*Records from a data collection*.
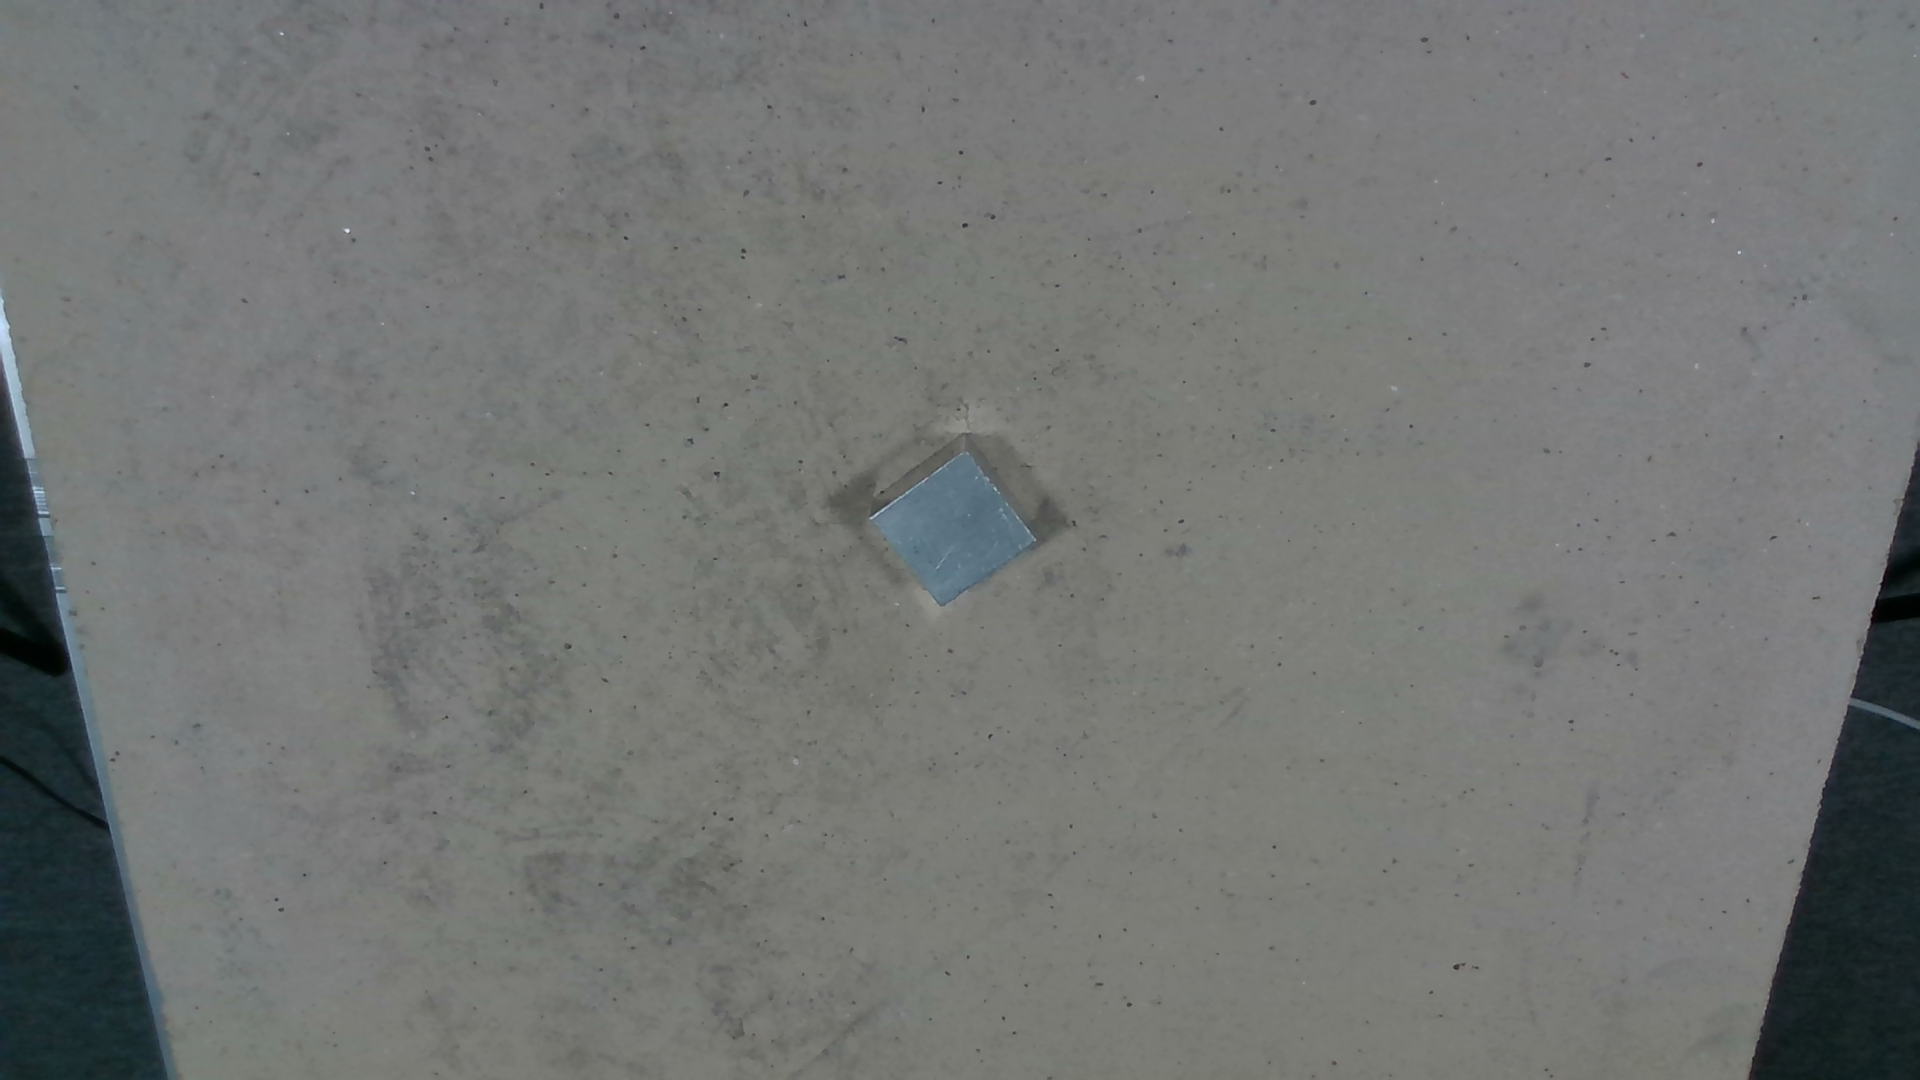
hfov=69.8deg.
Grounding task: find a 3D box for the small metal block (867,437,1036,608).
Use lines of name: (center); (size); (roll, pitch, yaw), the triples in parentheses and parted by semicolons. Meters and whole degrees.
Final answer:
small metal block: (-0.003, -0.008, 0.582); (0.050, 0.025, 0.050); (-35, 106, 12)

*WHAT NEEDS TO BE DONE*. Type out the data above once more, exactly, with no images included.

*ANSWER FOR THE TASK*.
hfov=69.8deg.
Grounding task: find a 3D box for the small metal block (867,437,1036,608).
Use lines of name: (center); (size); (roll, pitch, yaw), the triples in parentheses and parted by semicolons. Meters and whole degrees.
Final answer:
small metal block: (-0.003, -0.008, 0.582); (0.050, 0.025, 0.050); (-35, 106, 12)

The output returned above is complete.